▶ **What the task requires**
An exact reproduction of the lines from the one with "list github.com/hosiawak/rubinius_macros goto" to the end of the data below is required. No other lines may be included.
[Provided material]
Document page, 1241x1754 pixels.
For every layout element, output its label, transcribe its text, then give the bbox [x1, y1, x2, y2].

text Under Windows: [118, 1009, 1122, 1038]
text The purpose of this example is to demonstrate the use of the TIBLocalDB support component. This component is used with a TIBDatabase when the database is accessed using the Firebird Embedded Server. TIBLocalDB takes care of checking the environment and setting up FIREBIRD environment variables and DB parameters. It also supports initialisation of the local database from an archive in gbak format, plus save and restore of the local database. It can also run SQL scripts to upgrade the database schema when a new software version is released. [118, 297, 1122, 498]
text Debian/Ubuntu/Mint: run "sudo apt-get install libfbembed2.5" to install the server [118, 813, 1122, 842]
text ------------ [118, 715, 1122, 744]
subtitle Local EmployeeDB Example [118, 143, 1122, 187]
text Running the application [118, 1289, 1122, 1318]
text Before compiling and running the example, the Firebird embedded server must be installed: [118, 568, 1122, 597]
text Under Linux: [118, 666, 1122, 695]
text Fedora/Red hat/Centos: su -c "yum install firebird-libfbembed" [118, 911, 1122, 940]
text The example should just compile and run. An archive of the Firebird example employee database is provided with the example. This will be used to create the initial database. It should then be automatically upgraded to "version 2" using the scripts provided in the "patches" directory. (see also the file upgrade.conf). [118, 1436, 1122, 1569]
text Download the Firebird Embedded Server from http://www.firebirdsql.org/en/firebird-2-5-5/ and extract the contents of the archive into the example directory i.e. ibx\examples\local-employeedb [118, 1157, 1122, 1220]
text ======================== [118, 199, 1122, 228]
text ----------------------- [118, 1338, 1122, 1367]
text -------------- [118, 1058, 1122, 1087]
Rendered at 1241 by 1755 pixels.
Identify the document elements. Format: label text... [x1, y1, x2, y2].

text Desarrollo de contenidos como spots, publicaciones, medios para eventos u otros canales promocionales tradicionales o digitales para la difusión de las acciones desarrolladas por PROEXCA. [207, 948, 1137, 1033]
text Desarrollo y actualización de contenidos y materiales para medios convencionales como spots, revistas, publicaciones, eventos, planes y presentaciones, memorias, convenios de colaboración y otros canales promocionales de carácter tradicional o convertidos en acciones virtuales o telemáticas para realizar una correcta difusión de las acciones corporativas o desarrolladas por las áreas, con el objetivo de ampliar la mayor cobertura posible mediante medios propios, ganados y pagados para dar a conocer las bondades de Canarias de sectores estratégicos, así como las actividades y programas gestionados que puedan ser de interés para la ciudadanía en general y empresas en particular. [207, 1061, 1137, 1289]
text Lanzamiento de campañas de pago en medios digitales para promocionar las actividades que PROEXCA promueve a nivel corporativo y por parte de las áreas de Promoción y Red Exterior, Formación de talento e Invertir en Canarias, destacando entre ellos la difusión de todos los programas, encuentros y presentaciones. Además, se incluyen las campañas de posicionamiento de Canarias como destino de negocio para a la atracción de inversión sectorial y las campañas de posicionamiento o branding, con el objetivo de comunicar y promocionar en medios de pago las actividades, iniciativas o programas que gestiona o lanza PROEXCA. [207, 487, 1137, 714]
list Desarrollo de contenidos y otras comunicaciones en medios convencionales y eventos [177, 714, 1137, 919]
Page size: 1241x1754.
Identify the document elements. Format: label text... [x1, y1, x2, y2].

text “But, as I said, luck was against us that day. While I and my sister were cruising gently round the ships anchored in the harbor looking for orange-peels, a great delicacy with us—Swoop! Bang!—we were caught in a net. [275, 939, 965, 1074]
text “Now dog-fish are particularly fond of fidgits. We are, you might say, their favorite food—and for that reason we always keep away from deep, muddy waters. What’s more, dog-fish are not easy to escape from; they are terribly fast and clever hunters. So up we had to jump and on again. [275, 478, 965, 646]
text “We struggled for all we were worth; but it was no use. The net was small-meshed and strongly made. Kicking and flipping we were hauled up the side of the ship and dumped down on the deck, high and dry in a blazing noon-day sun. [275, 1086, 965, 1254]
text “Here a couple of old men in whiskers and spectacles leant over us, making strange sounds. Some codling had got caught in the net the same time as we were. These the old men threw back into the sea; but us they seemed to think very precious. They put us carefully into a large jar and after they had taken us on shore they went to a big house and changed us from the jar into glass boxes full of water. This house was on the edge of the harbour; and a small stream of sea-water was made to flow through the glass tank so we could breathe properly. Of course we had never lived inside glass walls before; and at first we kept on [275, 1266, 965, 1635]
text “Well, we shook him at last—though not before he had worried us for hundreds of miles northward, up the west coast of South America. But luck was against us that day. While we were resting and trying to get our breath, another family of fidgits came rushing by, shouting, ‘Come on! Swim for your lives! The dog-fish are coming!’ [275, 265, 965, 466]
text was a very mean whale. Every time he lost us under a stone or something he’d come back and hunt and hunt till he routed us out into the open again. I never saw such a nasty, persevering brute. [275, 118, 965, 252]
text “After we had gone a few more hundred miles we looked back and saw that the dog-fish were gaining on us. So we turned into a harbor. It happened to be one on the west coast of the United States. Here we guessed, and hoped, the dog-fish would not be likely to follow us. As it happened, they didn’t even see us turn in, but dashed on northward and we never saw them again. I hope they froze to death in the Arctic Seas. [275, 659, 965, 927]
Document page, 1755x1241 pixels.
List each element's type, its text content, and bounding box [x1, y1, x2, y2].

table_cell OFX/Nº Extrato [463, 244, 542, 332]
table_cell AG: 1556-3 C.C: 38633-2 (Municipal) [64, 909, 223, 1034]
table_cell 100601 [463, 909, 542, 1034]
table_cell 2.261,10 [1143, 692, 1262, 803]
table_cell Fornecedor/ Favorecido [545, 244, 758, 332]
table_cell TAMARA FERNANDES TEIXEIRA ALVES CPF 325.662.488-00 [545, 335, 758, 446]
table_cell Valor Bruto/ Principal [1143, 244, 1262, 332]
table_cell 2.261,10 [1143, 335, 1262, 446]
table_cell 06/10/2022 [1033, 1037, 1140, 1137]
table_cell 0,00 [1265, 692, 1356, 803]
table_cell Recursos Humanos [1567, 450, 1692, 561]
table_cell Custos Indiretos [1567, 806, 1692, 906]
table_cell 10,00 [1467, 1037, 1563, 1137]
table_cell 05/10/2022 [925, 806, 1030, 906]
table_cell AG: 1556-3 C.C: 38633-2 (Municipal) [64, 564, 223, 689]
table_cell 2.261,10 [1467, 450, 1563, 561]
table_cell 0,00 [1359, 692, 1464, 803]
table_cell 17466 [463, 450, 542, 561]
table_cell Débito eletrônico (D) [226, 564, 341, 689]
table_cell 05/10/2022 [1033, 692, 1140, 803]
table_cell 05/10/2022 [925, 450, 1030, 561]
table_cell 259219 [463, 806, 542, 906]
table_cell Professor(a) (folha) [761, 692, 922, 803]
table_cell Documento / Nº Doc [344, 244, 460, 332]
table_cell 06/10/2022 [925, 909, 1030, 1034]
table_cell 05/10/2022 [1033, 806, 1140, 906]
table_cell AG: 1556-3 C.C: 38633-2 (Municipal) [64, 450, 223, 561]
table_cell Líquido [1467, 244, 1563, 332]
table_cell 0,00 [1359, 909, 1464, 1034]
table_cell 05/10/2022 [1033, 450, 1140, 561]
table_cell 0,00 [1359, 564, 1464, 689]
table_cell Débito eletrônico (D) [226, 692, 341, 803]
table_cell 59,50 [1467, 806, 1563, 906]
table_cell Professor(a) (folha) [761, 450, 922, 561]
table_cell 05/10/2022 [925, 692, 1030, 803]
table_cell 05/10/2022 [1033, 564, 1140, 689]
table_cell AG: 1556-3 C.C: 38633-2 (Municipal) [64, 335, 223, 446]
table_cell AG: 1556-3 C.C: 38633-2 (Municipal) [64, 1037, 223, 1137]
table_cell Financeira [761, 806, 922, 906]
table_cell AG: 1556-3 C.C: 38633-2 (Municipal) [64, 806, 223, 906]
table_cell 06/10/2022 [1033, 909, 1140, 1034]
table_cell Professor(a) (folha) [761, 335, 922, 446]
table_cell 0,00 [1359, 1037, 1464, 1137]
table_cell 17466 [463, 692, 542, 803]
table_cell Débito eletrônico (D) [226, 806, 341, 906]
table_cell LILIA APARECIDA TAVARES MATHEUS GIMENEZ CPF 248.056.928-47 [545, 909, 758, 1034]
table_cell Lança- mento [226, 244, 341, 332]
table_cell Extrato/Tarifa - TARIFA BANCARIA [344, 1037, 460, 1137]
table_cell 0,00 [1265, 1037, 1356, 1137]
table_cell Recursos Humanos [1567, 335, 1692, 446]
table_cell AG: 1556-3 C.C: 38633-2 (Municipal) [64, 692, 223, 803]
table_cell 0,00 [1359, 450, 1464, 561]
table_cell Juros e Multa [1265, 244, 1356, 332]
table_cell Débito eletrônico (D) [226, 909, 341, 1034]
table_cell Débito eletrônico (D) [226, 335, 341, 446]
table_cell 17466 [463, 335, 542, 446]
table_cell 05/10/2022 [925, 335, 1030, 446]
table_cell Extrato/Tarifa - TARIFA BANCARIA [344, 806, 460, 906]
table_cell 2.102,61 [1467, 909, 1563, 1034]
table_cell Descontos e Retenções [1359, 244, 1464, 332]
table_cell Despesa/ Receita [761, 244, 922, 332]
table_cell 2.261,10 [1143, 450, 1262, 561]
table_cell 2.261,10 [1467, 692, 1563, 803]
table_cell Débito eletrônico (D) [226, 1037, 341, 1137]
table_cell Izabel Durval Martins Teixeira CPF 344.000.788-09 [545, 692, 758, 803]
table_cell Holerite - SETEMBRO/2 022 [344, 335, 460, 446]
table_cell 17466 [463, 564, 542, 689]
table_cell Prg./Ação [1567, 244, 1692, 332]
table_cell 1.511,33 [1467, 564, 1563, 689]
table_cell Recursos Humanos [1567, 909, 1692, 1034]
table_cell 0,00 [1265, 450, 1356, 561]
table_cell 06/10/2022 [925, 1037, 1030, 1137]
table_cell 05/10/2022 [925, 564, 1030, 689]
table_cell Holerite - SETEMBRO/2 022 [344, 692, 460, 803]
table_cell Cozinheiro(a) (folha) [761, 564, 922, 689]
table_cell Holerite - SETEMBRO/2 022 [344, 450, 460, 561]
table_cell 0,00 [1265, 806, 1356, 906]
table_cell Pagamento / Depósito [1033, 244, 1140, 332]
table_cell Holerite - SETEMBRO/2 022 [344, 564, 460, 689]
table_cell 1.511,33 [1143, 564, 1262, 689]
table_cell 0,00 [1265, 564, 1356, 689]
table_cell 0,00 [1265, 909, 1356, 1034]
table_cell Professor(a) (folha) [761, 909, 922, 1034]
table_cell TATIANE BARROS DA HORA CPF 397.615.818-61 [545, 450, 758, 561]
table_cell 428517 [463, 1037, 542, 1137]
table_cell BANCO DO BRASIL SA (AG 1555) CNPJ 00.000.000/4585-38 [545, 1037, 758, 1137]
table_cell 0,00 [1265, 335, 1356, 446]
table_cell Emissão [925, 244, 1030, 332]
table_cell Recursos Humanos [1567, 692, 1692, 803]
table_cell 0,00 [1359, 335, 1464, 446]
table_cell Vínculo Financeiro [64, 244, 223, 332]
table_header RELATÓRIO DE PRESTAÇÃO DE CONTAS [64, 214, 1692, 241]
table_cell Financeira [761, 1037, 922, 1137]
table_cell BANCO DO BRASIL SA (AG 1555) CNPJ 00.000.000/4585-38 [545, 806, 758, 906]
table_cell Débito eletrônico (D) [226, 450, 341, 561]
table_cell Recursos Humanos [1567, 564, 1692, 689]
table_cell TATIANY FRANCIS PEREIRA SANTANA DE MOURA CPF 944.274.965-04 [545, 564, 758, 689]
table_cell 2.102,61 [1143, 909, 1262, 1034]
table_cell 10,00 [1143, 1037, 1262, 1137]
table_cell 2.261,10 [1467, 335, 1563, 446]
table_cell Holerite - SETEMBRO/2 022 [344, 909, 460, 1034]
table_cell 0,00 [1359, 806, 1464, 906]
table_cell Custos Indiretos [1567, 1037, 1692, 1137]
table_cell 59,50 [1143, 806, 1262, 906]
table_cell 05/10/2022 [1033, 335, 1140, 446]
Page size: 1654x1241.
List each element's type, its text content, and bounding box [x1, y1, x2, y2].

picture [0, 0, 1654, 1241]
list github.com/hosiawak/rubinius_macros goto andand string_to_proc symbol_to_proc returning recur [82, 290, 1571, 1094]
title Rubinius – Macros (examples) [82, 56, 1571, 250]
[/Provided material]
▶ **Result of this task**
list github.com/hosiawak/rubinius_macros goto andand string_to_proc symbol_to_proc returning recur [82, 290, 1571, 1094]
title Rubinius – Macros (examples) [82, 56, 1571, 250]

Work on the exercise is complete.